The reason that this isn’t a traitorous question for a liberal to ask is because when we think of our liberty, there is perhaps a danger of thinking about being impeded in the pursuit of a particular choice, rather than thinking about how we maximise our liberty on aggregate, throughout the course of our lives.
As I mentioned in a previous column on the Western Cape’s “Get Tested” lottery incentive for HIV/AIDS testing, we are all prone to hyperbolic discounting (in short, underestimating the value of later rewards in favour of sooner ones), and interventions which involve telling people – albeit subtly – what’s good for them can have very positive results, as for example in the J-PAL immunisation intervention in rural India.
Imagine that the liberty of your current self is impeded through some government agency making it difficult for you to do something. Or rather don’t imagine, but remember the last time you needed to get a medical prescription. One way of perceiving these events is as violations of your current liberty. Another interpretation is however also possible, in which your future self might be rather grateful that your choices were restricted, seeing as she now gets to enjoy the liberties made possible (in an extreme version of the thought experiment) through still being alive.

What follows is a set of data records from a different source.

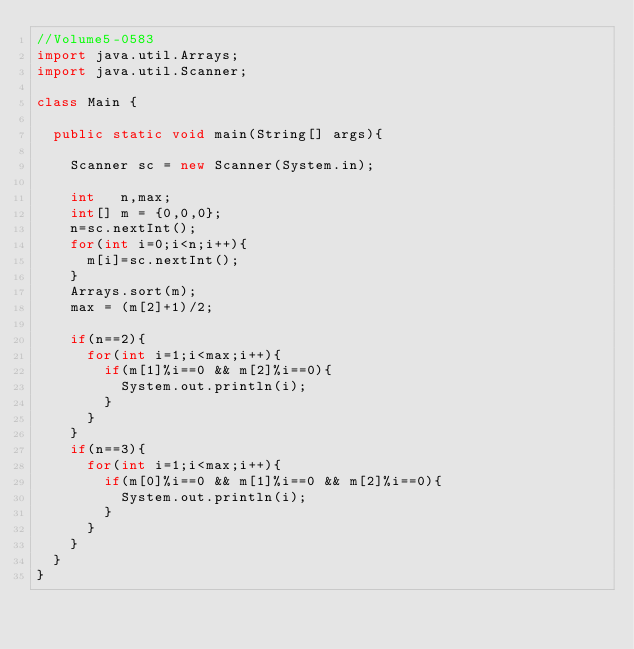Convert code to text. <code><loc_0><loc_0><loc_500><loc_500><_Java_>//Volume5-0583
import java.util.Arrays;
import java.util.Scanner;

class Main {

	public static void main(String[] args){

		Scanner sc = new Scanner(System.in);

		int   n,max;
		int[] m = {0,0,0};
		n=sc.nextInt();
		for(int i=0;i<n;i++){
			m[i]=sc.nextInt();
		}
		Arrays.sort(m);
		max = (m[2]+1)/2;

		if(n==2){
			for(int i=1;i<max;i++){
				if(m[1]%i==0 && m[2]%i==0){
					System.out.println(i);
				}
			}
		}
		if(n==3){
			for(int i=1;i<max;i++){
				if(m[0]%i==0 && m[1]%i==0 && m[2]%i==0){
					System.out.println(i);
				}
			}
		}
	}
}</code> 
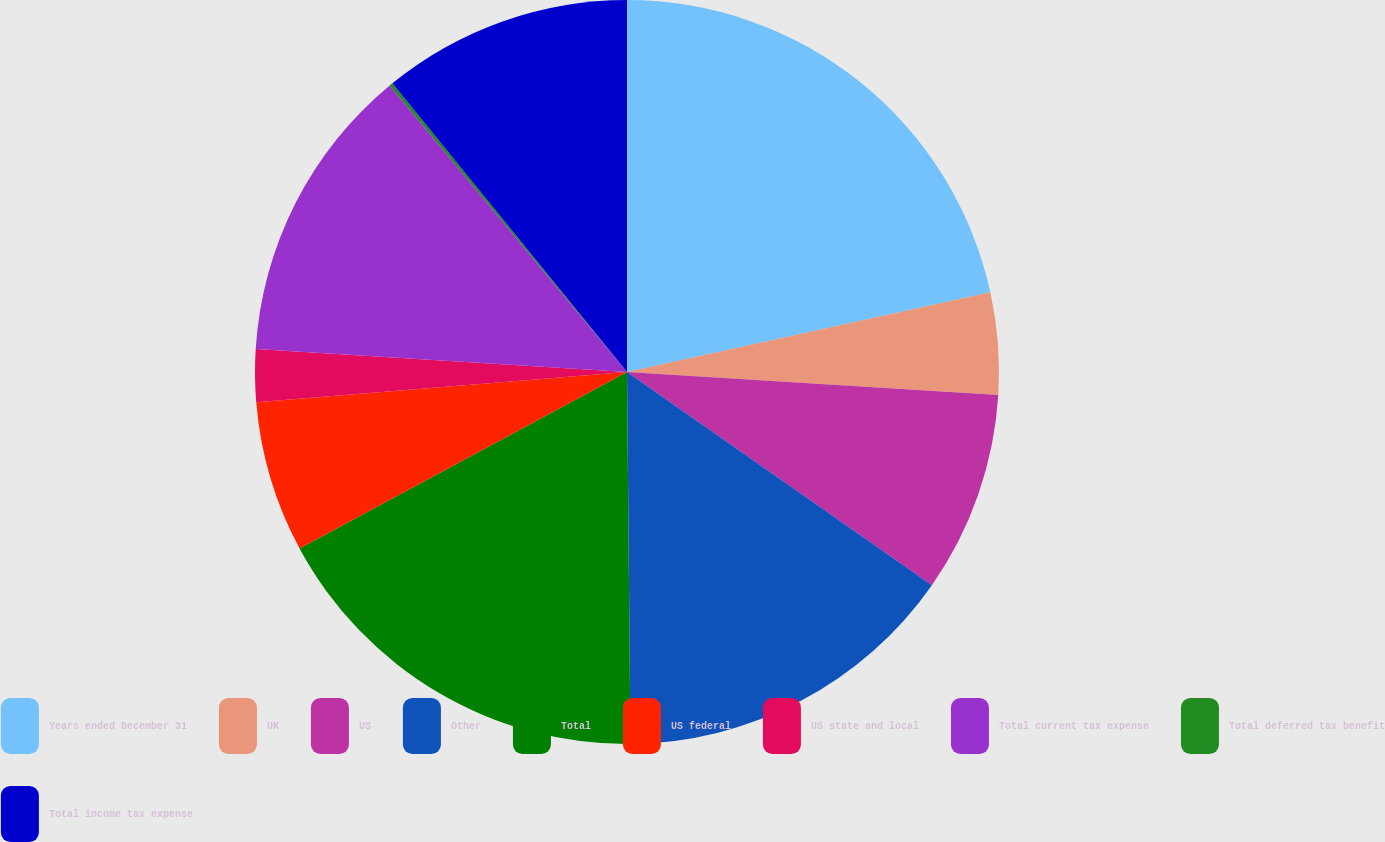Convert chart. <chart><loc_0><loc_0><loc_500><loc_500><pie_chart><fcel>Years ended December 31<fcel>UK<fcel>US<fcel>Other<fcel>Total<fcel>US federal<fcel>US state and local<fcel>Total current tax expense<fcel>Total deferred tax benefit<fcel>Total income tax expense<nl><fcel>21.56%<fcel>4.43%<fcel>8.72%<fcel>15.14%<fcel>17.28%<fcel>6.57%<fcel>2.29%<fcel>13.0%<fcel>0.15%<fcel>10.86%<nl></chart> 
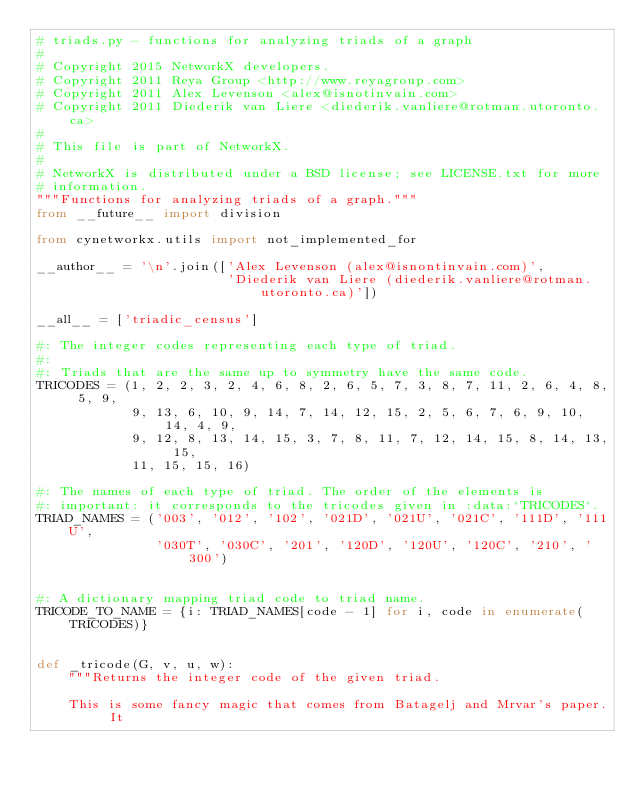<code> <loc_0><loc_0><loc_500><loc_500><_Python_># triads.py - functions for analyzing triads of a graph
#
# Copyright 2015 NetworkX developers.
# Copyright 2011 Reya Group <http://www.reyagroup.com>
# Copyright 2011 Alex Levenson <alex@isnotinvain.com>
# Copyright 2011 Diederik van Liere <diederik.vanliere@rotman.utoronto.ca>
#
# This file is part of NetworkX.
#
# NetworkX is distributed under a BSD license; see LICENSE.txt for more
# information.
"""Functions for analyzing triads of a graph."""
from __future__ import division

from cynetworkx.utils import not_implemented_for

__author__ = '\n'.join(['Alex Levenson (alex@isnontinvain.com)',
                        'Diederik van Liere (diederik.vanliere@rotman.utoronto.ca)'])

__all__ = ['triadic_census']

#: The integer codes representing each type of triad.
#:
#: Triads that are the same up to symmetry have the same code.
TRICODES = (1, 2, 2, 3, 2, 4, 6, 8, 2, 6, 5, 7, 3, 8, 7, 11, 2, 6, 4, 8, 5, 9,
            9, 13, 6, 10, 9, 14, 7, 14, 12, 15, 2, 5, 6, 7, 6, 9, 10, 14, 4, 9,
            9, 12, 8, 13, 14, 15, 3, 7, 8, 11, 7, 12, 14, 15, 8, 14, 13, 15,
            11, 15, 15, 16)

#: The names of each type of triad. The order of the elements is
#: important: it corresponds to the tricodes given in :data:`TRICODES`.
TRIAD_NAMES = ('003', '012', '102', '021D', '021U', '021C', '111D', '111U',
               '030T', '030C', '201', '120D', '120U', '120C', '210', '300')


#: A dictionary mapping triad code to triad name.
TRICODE_TO_NAME = {i: TRIAD_NAMES[code - 1] for i, code in enumerate(TRICODES)}


def _tricode(G, v, u, w):
    """Returns the integer code of the given triad.

    This is some fancy magic that comes from Batagelj and Mrvar's paper. It</code>

There’s no doubt in my mind that a fully competent person should be free to make self-harming choices. The question, though, is whether we are as competent as we think, for the reasons I’ve hinted at above (more fully explored in this book review by Cass Sunstein). Or more important, perhaps, the question of whether we are competent enough, regardless of how competent we think we are.
If we are not competent enough, the focus moves to what we should do about it. One option is to allow for social engineering through natural selection, whereby we make our mistakes and live with the consequences of those mistakes. But even though liberals and libertarians haven’t historically been too concerned with political correctness, embracing this view might be a challenge in that it’s likely to be the poor and the uneducated that suffer most, simply through not having the luxury of the choices many of us take for granted.
And if we don’t go that route, consistency problems soon arise, in that there’s a small step between nudges, or “choice architecture”, and banning certain choices entirely. The Conly book, reviewed in the link above, argues for a strictly utilitarian calculation of which choices should be permitted and which not, with a strong bias towards freedom.
The mechanics of and legislation underpinning those calculations is clearly a source for concern, in that we might justifiably be afraid of a state encroaching ever further on our freedom. At the same time, though, as Sunstein points out: “when people are imposing serious risks on themselves, it is not enough to celebrate freedom of choice and ignore the consequences.”